Among the widest vehicles in its class, the Genesis GV80 emphasizes its width inside with a sleek horizontal dash highlighted by sleek, thin air vents that run across the passenger compartment. In up-level variants like the GV80 3.5T version we took to the Holiday Festival, soft-touch materials cover every surface, from the inside of the door handles to the quilted knee pads on the sides of the console. An impressive 14.5-inch, split-screen infotainment display dominates the dash. For aesthetic reasons, designers decided to limit the number of buttons and switches to control various functions, instead relying on controls embedded in the infotainment system.
The center console is equally minimalist. It houses a dial-type gear selector and another similarly shaped round control pad that was purportedly connected to the infotainment unit. The “Genesis Integrated Controller” was designed to let users set a destination or enter data without having to operate a keyboard on the navigation screen by using handwritten letters on the writing recognition control system. Now there’s an idea. But if writing on a touchpad isn’t your thing, the pad itself and the rotating ring around it are controllers as well. And in our experience, this is the one area in which this otherwise excellent design came off the rails a bit. For example, shifting from SiriusXM and FM radio, required by the Holiday Festival, became a remarkably challenging process drawing the entire family into a confab on how the thing “must work.” Finally, I resorted to voice commands, usually an iffy gambit best, to return to SiriusXM as we exited Dodger Stadium and turned left on to Sunset Boulevard.

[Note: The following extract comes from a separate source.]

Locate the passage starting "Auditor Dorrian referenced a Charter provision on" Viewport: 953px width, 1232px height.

The good news is the recalcitrant infotainment unit is the only issue we had with the GV80. On the road in both versions, the SUV is a champ, and we heartily applaud its rear-drive-biased architecture, although our 3.5T version was equipped with all-wheel-drive. The most challenging test we could give that system was wading through puddles left by lawn sprinklers run amok.

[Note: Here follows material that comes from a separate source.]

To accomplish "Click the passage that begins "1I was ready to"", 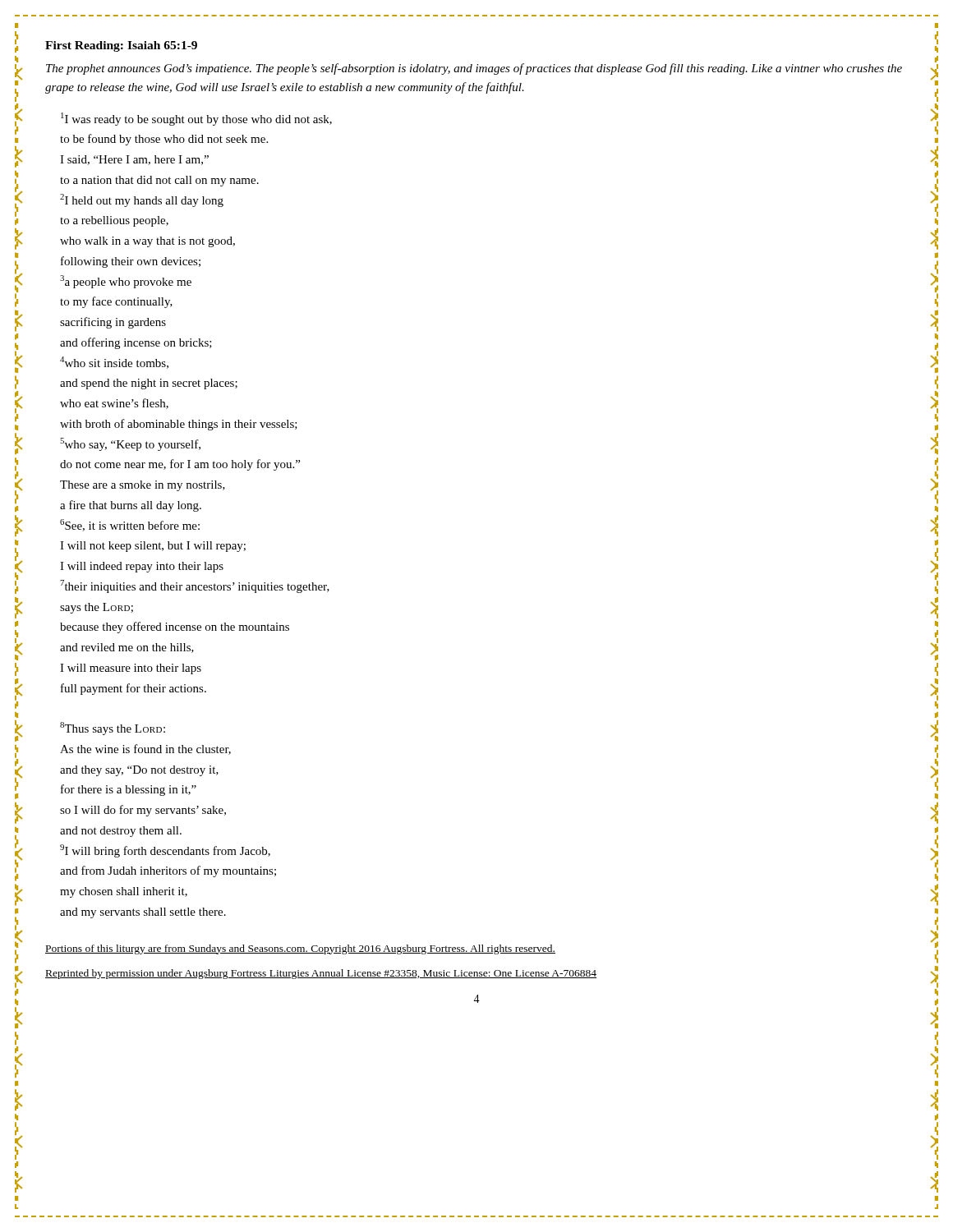I will [x=196, y=119].
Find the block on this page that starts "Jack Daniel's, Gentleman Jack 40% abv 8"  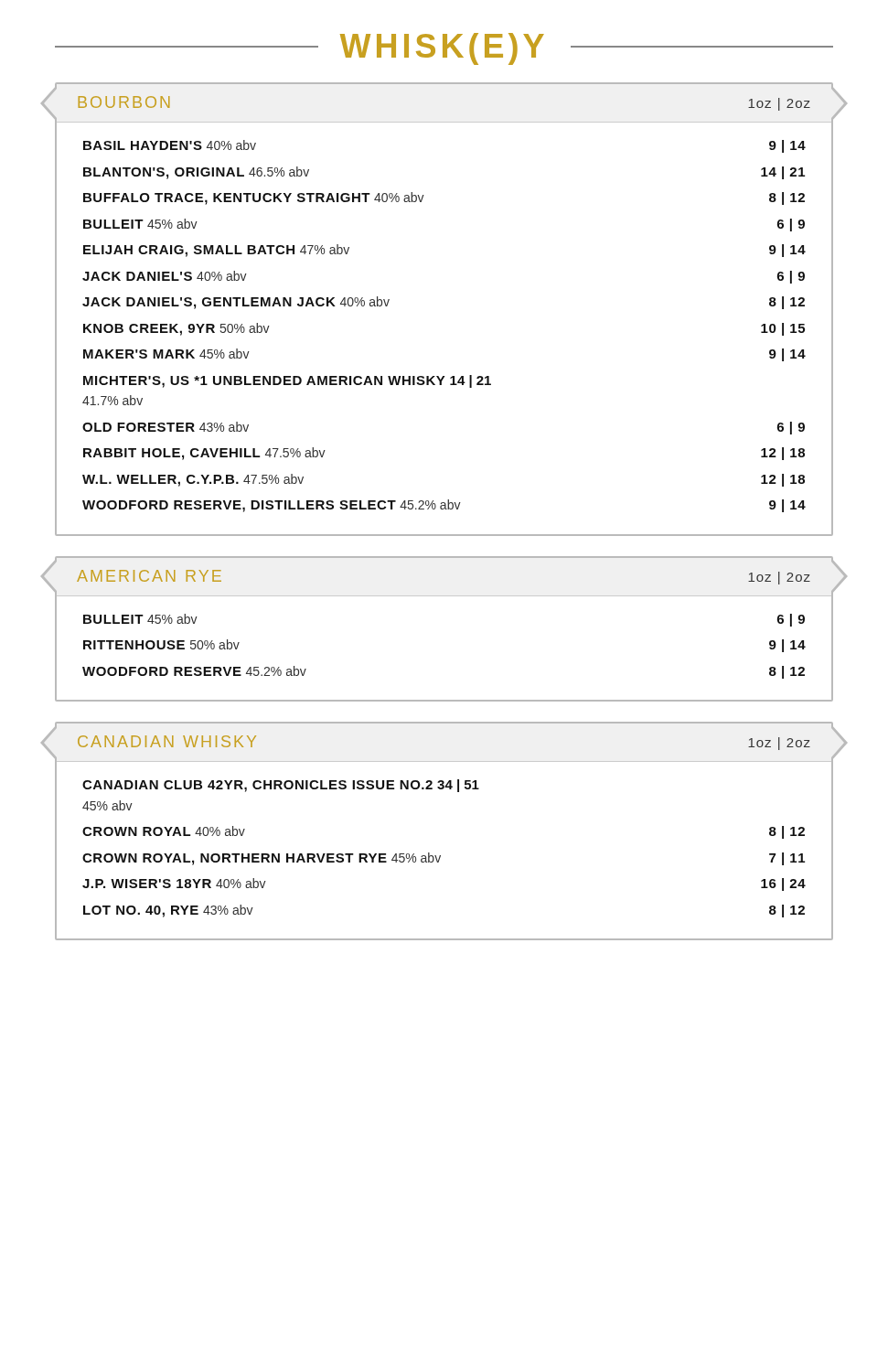pyautogui.click(x=236, y=302)

The engine choices are a 300-horsepower, 2.5-liter, turbocharged, inline 4-cylinder engine in the 2.5T or a 375-horsepower, 3.5-liter, twin-turbocharged V-6 in the 3.5T. Both engines are paired with an 8-speed automatic transmission, and both feature a dual fuel injection system that Genesis says combines the advantages of direct injection and multi-port injection.
An electronically controlled all-wheel-drive system is available on the 4-cylinder-powered 2.5T and standard on GV80 3.5T models. In normal driving conditions, power distribution is heavily rear-wheel-oriented, with virtually no torque going to the front wheels in steady-state driving to aid efficiency. But when conditions warrant 50% of torque can be channeled to the front wheels. The 3.5T offers EPA estimates of 18 mpg city/ 23 mph highway / 20 mpg combined, figures that are less-than-stellar in the segment.
To sum up the GV80’s considerable charms we have to cite its handsome exterior design and restrained interior styling, its overall room, and its comfortable yet decently sporting demeanor on the road. With pricing that starts at well under $50K for the 2.5T and can range up to about $70K for a fully equipped version of the 3.5T Advanced Plus, the GV80 is very competitively priced. In comparison, a base Lexus RX 350 starts at a bit over $46,000. Certainly, presence and gravitas are in the eyes of the beholders, but we think the GV80 trumps many of its competitors in those two qualities. It seems Genesis has finally come of age.